Jess' lips curled up into a beautiful crooked smile. "When we get home," he breathed.
"When we get home," Rory repeated.
"For the record…"
"Hm?"
"You're the only person I care about dancing with –no one else. Rory, what you've done here, reporting on this campaign –you're amazing. I love you so much and I'm so proud of you," Jess whispered, holding her face gently. "I can't believe we got here, you're moving to Philadelphia. We get to be boring –and see each other all the time."

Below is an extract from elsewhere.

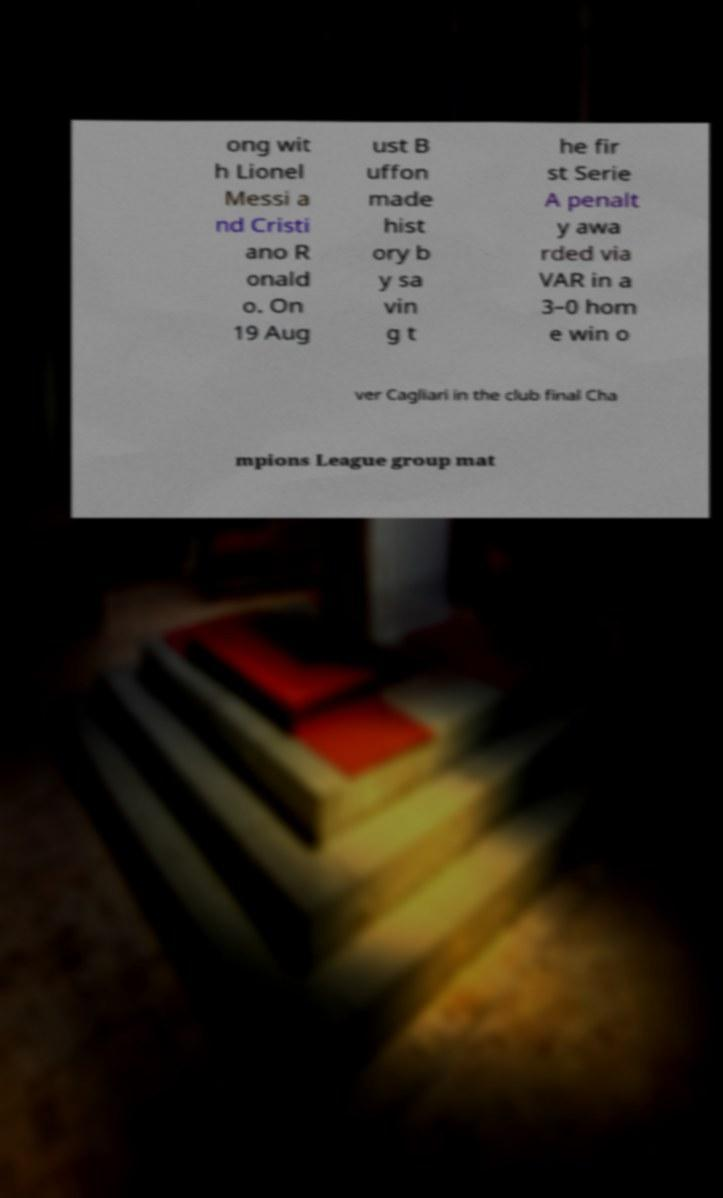Can you accurately transcribe the text from the provided image for me? ong wit h Lionel Messi a nd Cristi ano R onald o. On 19 Aug ust B uffon made hist ory b y sa vin g t he fir st Serie A penalt y awa rded via VAR in a 3–0 hom e win o ver Cagliari in the club final Cha mpions League group mat 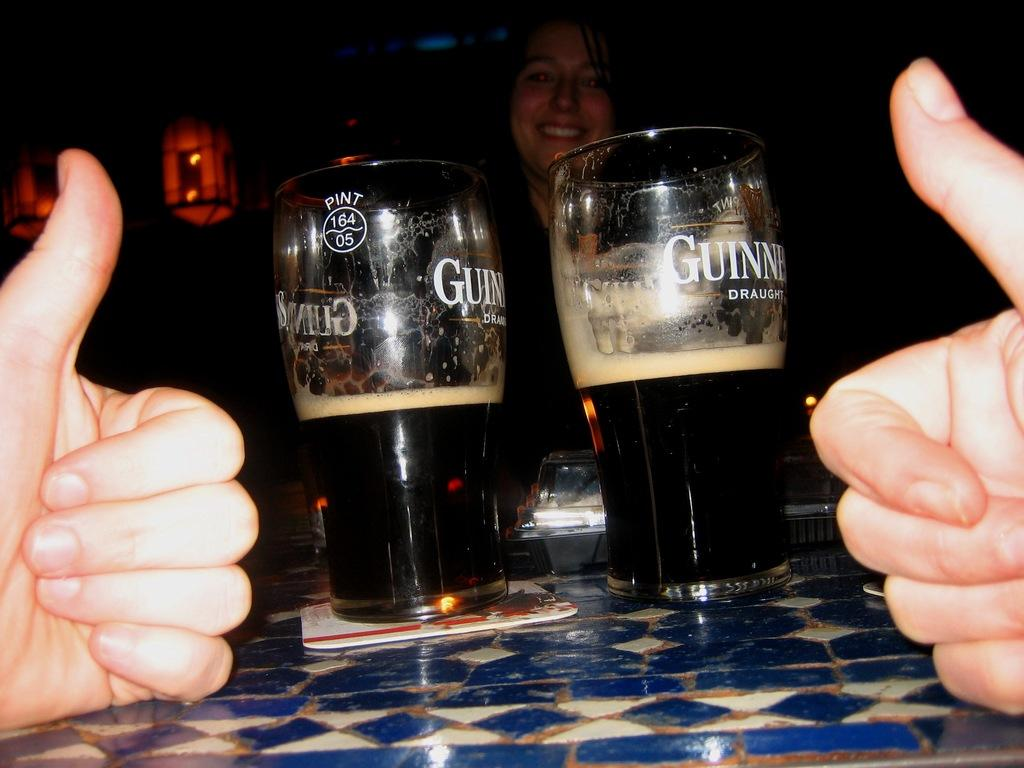Provide a one-sentence caption for the provided image. Two half full glasses of Guinness ale sit on a table.

"If you hadn't pushed me and supported me, I might not have done it, so thank you."
"It was pretty selfless of me, wasn't it?" he mused. "You should probably thank me a lot. Like, all night."
Rory laughed. "As long as I'm not working alone."
"Never."
"You might get sick of me."
"What?"
"It might be downright weird, for things to be so easy for us."
"Maybe, but it'll be the best kind of weird."
"You might get sick of me –seeing me all the time."
"Again I say –never. Do you feel okay Rory, about moving?" Jess asked gently.
"I feel better than okay, Jess. This is what's next for us. I'm ready; I've been ready for a while," Rory assured him.
Jess held Rory close and smirked against her skin, chuckling softly before capturing her lips in a deep kiss. He hadn't been intending to, but as their tongues tangled together and they breathed each other in, his hands fisted her hair greedily and started pulling hard. He tilted her head sharply enough to make her gasp as he moved his lips to suck on her neck.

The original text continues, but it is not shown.